Data under study:
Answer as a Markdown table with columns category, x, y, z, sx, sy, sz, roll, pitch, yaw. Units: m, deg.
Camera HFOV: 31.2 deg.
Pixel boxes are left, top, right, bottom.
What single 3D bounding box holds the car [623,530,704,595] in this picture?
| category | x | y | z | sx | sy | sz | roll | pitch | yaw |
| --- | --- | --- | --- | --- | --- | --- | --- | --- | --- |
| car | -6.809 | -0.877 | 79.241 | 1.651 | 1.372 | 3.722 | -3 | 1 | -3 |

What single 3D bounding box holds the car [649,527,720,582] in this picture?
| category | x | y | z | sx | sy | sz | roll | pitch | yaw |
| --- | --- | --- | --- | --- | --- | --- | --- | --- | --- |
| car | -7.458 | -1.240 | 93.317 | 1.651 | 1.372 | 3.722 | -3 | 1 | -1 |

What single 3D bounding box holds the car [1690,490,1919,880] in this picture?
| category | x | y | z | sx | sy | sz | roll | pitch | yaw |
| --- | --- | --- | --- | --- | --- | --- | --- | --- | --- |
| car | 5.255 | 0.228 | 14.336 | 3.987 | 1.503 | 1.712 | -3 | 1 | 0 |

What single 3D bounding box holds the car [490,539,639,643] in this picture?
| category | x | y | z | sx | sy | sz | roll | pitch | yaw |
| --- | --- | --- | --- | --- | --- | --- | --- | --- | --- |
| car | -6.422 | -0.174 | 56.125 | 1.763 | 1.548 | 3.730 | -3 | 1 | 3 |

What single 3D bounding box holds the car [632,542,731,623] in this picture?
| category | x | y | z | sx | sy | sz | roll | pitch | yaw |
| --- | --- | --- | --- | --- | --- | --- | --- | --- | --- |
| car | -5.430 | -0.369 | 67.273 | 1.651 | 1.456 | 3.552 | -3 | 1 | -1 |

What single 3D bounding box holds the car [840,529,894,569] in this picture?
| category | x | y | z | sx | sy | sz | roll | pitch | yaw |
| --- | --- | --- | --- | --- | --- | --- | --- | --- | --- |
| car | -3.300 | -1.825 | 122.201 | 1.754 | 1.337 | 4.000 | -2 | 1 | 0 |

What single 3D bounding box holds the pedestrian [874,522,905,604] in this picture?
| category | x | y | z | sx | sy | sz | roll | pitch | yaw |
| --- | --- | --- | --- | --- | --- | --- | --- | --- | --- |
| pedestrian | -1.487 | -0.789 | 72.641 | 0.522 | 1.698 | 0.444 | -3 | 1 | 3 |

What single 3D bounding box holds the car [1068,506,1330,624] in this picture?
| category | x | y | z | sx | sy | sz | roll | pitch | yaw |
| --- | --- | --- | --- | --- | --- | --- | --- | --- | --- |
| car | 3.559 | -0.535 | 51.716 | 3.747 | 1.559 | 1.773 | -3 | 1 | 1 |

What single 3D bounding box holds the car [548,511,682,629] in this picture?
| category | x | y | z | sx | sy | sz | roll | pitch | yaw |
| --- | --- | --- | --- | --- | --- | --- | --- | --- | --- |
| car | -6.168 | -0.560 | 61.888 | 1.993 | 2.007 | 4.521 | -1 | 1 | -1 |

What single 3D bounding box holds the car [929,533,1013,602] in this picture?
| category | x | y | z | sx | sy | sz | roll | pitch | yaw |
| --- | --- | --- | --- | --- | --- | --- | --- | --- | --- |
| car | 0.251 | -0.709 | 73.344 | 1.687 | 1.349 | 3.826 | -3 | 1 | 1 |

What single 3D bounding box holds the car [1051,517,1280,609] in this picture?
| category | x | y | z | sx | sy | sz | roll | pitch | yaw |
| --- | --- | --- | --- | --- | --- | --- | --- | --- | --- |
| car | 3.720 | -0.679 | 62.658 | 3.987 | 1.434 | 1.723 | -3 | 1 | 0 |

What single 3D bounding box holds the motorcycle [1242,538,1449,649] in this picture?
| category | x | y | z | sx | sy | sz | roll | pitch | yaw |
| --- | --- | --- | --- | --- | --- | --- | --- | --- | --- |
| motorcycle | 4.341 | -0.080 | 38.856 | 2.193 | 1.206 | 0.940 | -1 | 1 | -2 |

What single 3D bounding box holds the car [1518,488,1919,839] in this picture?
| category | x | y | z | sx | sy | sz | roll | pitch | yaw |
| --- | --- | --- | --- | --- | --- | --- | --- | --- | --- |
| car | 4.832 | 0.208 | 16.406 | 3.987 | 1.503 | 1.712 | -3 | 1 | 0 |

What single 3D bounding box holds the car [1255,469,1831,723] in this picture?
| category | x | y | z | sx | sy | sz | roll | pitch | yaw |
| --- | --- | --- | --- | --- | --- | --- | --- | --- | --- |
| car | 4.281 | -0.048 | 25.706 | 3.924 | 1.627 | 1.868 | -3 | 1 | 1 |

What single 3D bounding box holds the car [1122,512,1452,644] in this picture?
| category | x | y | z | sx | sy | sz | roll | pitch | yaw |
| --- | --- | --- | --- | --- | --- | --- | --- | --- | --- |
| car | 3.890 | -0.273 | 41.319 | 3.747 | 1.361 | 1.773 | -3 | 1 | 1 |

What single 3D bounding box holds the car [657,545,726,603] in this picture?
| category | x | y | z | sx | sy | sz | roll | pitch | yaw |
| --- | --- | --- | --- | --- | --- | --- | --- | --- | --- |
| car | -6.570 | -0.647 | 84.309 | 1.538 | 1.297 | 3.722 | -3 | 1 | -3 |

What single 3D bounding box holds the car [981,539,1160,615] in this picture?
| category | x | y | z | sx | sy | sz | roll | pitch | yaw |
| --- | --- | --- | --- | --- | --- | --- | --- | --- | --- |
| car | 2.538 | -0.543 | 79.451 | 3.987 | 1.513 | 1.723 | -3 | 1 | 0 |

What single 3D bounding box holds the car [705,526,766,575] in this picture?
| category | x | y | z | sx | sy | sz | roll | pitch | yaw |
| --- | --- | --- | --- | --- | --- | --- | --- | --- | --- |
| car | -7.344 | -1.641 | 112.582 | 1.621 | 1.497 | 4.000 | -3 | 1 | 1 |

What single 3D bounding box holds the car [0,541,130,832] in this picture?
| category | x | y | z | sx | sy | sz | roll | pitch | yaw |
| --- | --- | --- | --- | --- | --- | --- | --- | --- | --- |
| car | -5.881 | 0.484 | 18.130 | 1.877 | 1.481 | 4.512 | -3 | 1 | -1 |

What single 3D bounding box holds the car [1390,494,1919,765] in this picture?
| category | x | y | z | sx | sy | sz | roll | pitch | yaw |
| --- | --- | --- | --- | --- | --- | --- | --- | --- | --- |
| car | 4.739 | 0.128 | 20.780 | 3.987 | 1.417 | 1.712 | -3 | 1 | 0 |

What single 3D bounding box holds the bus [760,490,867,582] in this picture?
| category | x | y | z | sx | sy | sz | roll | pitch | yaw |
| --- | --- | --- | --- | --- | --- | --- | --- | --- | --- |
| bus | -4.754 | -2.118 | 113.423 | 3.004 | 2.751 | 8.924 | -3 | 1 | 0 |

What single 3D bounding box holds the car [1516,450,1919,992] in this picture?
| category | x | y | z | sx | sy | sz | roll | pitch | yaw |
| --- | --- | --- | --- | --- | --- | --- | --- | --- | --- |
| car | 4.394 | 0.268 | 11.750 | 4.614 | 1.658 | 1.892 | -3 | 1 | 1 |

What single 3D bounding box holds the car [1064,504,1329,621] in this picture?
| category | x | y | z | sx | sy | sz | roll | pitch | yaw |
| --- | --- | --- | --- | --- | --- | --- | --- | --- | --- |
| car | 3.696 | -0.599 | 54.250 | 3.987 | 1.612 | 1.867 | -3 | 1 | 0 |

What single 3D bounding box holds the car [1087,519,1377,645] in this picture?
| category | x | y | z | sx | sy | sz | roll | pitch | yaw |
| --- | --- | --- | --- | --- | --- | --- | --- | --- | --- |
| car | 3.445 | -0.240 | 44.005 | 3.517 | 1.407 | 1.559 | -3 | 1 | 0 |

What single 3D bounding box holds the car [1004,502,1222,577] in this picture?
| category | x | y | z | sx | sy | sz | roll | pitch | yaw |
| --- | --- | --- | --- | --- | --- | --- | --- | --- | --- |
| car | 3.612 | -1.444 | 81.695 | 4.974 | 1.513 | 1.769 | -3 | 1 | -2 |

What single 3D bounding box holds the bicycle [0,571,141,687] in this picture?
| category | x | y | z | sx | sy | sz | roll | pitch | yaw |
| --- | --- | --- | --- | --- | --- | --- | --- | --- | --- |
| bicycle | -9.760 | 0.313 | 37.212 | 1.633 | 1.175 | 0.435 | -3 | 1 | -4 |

Work to be completed: Only the lines from the one containing "What single 3D bounding box holds the car [1004,502,1222,577]" through the end of the material should be copied, exactly as they stand; please keep both ends.

Written solution:
What single 3D bounding box holds the car [1004,502,1222,577] in this picture?
| category | x | y | z | sx | sy | sz | roll | pitch | yaw |
| --- | --- | --- | --- | --- | --- | --- | --- | --- | --- |
| car | 3.612 | -1.444 | 81.695 | 4.974 | 1.513 | 1.769 | -3 | 1 | -2 |

What single 3D bounding box holds the bicycle [0,571,141,687] in this picture?
| category | x | y | z | sx | sy | sz | roll | pitch | yaw |
| --- | --- | --- | --- | --- | --- | --- | --- | --- | --- |
| bicycle | -9.760 | 0.313 | 37.212 | 1.633 | 1.175 | 0.435 | -3 | 1 | -4 |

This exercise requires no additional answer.